安禄山凭借着与杨玉环的裙带关系,赢得了玄宗的宠幸,也赢得了充分的准备时间,终于在天宝十四年发动了叛乱,攻城掠地,直逼长安。玄宗不得已,带着杨玉环及其他人逃往西蜀避难。途中,由于护驾的士兵愤于杨国忠及杨玉环的误国,杀死下杨国忠,并逼迫玄宗在马嵬坡这个地方把杨玉环用白绫绞死。这就是历史上著名的安史之乱。
以史为鉴
奉承吹捧不同于发自内心的真诚赞扬,它是为“利己”而“誉人”的。谄媚者利用人们喜欢被人赞扬的天性,以奉承吹捧为手段,通过种种溢美之词,满足谄媚对象的虚荣心,从而达到讨好巴结的目的。奉承吹捧者常常是不顾事实、不讲原则、没有是非标准的,或者无中生有、口吐莲花,或者夸大其词、无以复加。在吹捧者的口中,假的可以变成真的,错的可以变成对的,恶可以变为善,丑可以变为美,庸才成为天才,昏君成为圣主。

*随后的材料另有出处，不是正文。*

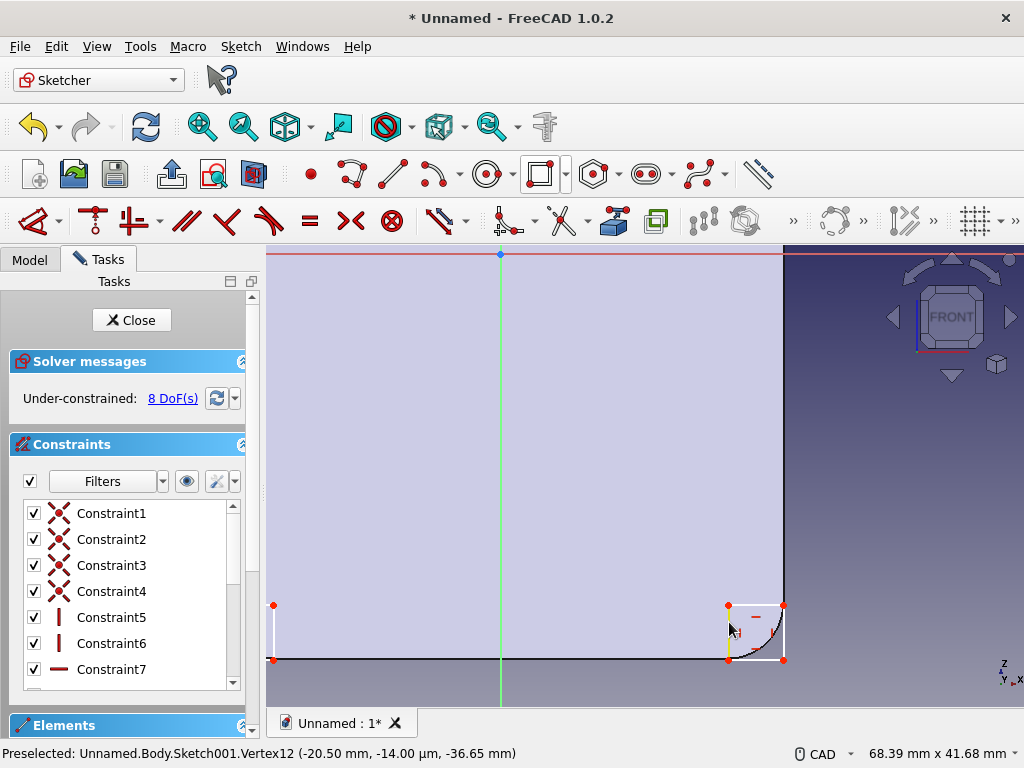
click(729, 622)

廉价的赞誉之词,成为谄媚者猎取实际功利的“敲门砖”。
小人道长
《梁书·武帝本纪》对梁武帝晚年的腐败政局曾有如下评论:
梁武帝“及乎耄年,委事群幸。然朱异之徒,作威作福,挟朋树党,政以贿成,服冕乘轩,由其掌握。是以朝经混乱,赏罚无章。‘小人道长’,抑此之谓也。”

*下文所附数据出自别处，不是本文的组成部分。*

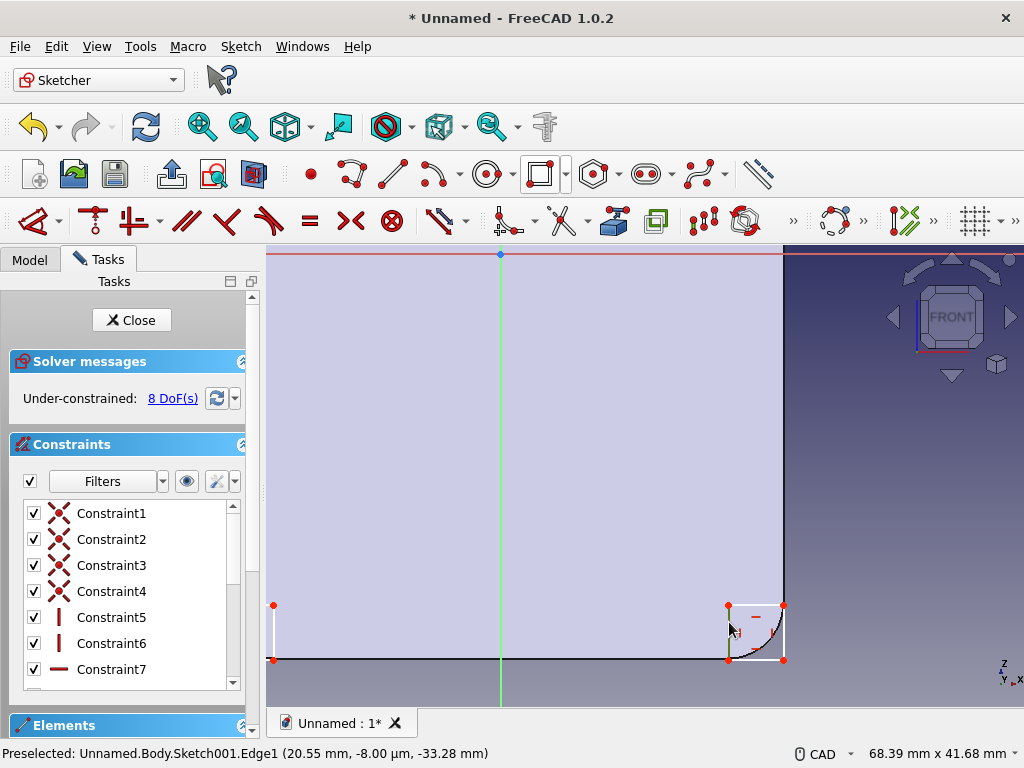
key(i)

朱异,字彦和,吴郡钱塘(今浙江绍兴)人。他自二十一岁入仕起,“历官自员外常侍至侍中,四官皆珥貂;自右卫率至领军,四职并驱卤簿”,身死之后还被破例追赠为尚书右仆射,以宰相之名人葬。这份荣耀,堪称南朝以来出身素族的大臣所少有;他还以中书通事舍人之职而“居权要三十余年”,特别是在公元524年以后,朱异更是权倾朝野,“掌机密,其军旅谋谟,方镇改换、朝仪国典、诏诰敕书,并典掌之。每四方表疏,当局簿领,谘详情断,填委于前”。这种情况,也实为南朝以来历代大臣所仅见。